3. Stadium Paralisis.
Tahap paralisis ini dapat berlangsung secara singkat, sehingga sulit untuk
dikenali atau bahkan tidak terjadi dan langsung berlanjut pada kematian.
Hewan mengalami kesulitan menelan, suara parau, sempoyongan, akhirnya
lumpuh dan mati
2.7.2. Pada Manusia
Gejala klinis pada manusia dibagi menjadi empat stadium.
1. Stadium Prodromal
Gejala awal yang terjadi sewaktu virus menyerang susunan saraf pusat adalah
perasaan gelisah, demam, malaise, mual, sakit kepala, gatal, merasa seperti
terbakar, kedinginan, kondisi tubuh lemah dan rasa nyeri di tenggorokan
selama beberapa hari.
2. Stadium Sensoris
Penderita merasa nyeri, rasa panas disertai kesemutan pada tempat bekas luka
kemudian disusul dengan gejala cemas dan reaksi yang berlebihan terhadap
ransangan sensoris.
3. Stadium Eksitasi
Tonus otot-otot akan aktivitas simpatik menjadi meninggi dengan gejala
berupa eksitasi atau ketakutan berlebihan, rasa haus, ketakutan terhadap
rangsangan cahaya, tiupan angin atau suara keras. Umumnya selalu merintih
sebelum kesadaran hilang. Penderita menjadi bingung, gelisah, rasa tidak
nyaman dan ketidak beraturan. Kebingungan menjadi semakin hebat dan
berkembang menjadi argresif, halusinasi, dan selalu ketakutan. Tubuh
gemetar atau kaku kejang.
4. Stadium Paralis
Sebagian besar penderita rabies meninggal dalam stadium eksitasi.
Kadangkadang ditemukan juga kasus tanpa gejala-gejala eksitasi, melainkan
paresis otot-otot yang bersifat progresif. Hal ini karena gangguan sumsum
tulang belakang yang memperlihatkan gejala paresis otot-otot pernafasan.
2.8 Type Rabies Pada Anjing
1. Rabies Ganas
a. Tidak menuruti lagi perintah pemilik.
b. Air liur keluar berlebihan
c. Hewan menjadi ganas, menyerang, atau menggit apa saja yang ditemui
dan ekor dilekungkan kebawah perut diantara dua paha.
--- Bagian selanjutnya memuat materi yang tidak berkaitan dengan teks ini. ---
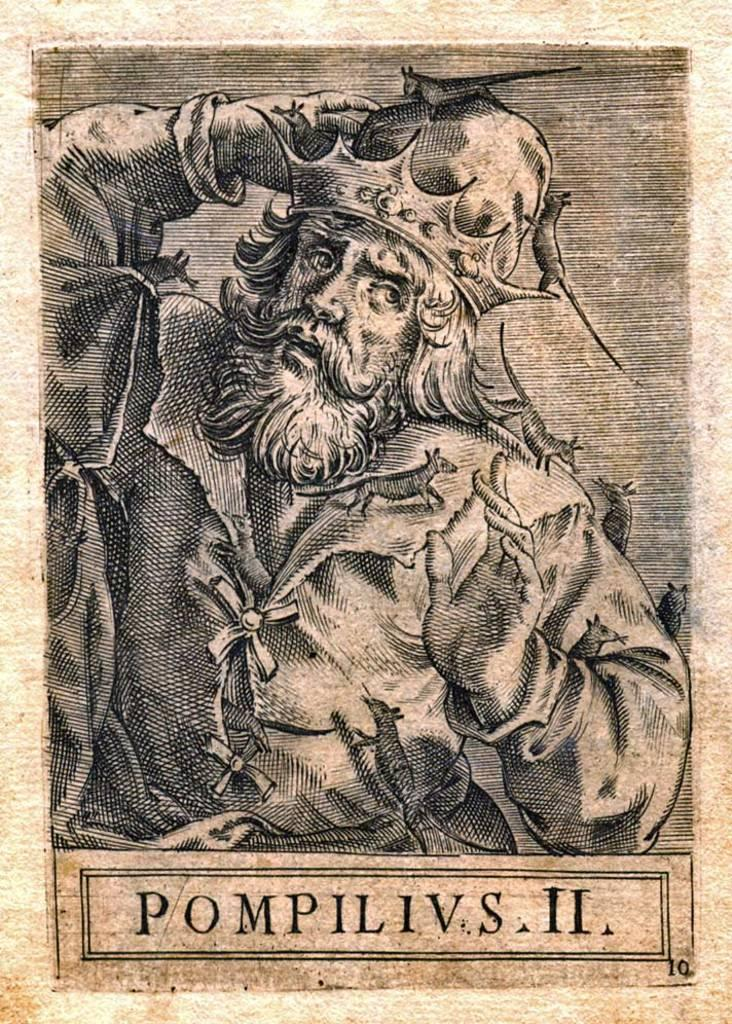<image>
Describe the image concisely. a page from an old text depicting PompIlIVs II in rags with rats crawling on him 
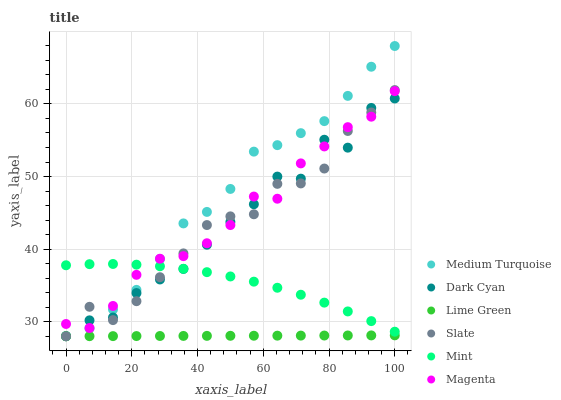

d. Kejang-kejang kemudian lumpuh, biasanya mati setelah 4-7 hari sejak
timbul atau paling lama 12 hari setelah penggigitan.
2. Rabies Tenang
a. Bersembunyi di tempat gelap dan sejuk.
b. Kejang-kejang berlangsung singkat bahkan sering tidak terlihat.
c. Kelumpuhan tidak mampu menelan, mulut terbuka dan air liur keluar
berlebihan.
d. Kematian terjadi dalam waktu singkat.13
2.9 Patogenesis
Cara penularan melalui gigitan dan non gigitan (aerogen, transplantasi,
kontak dengan bahan mengandung virus rabies pada kulit lecet atau mukosa).
Cakaran oleh kuku hewan penular rabies adalah berbahaya karena binatang
menjilati kuku-kukunya. Saliva yang ditempatkan pada permukaan mukosa seperti
konjungtiva mungkin infeksius. Ekskreta kelelawar yang mengandung virus rabies
cukup untuk menimbulkan bahaya rabies pada mereka yang masuk gua yang
terinfeksi dan menghirup aerosol yang diciptakan oleh kelelawar. Penularan rabies
melalui transplan kornea dari penderita dengan ensefalitis rabies yang tidak
didiagnosis pada resipen/penerima sehat telah direkam dengan cukup sering.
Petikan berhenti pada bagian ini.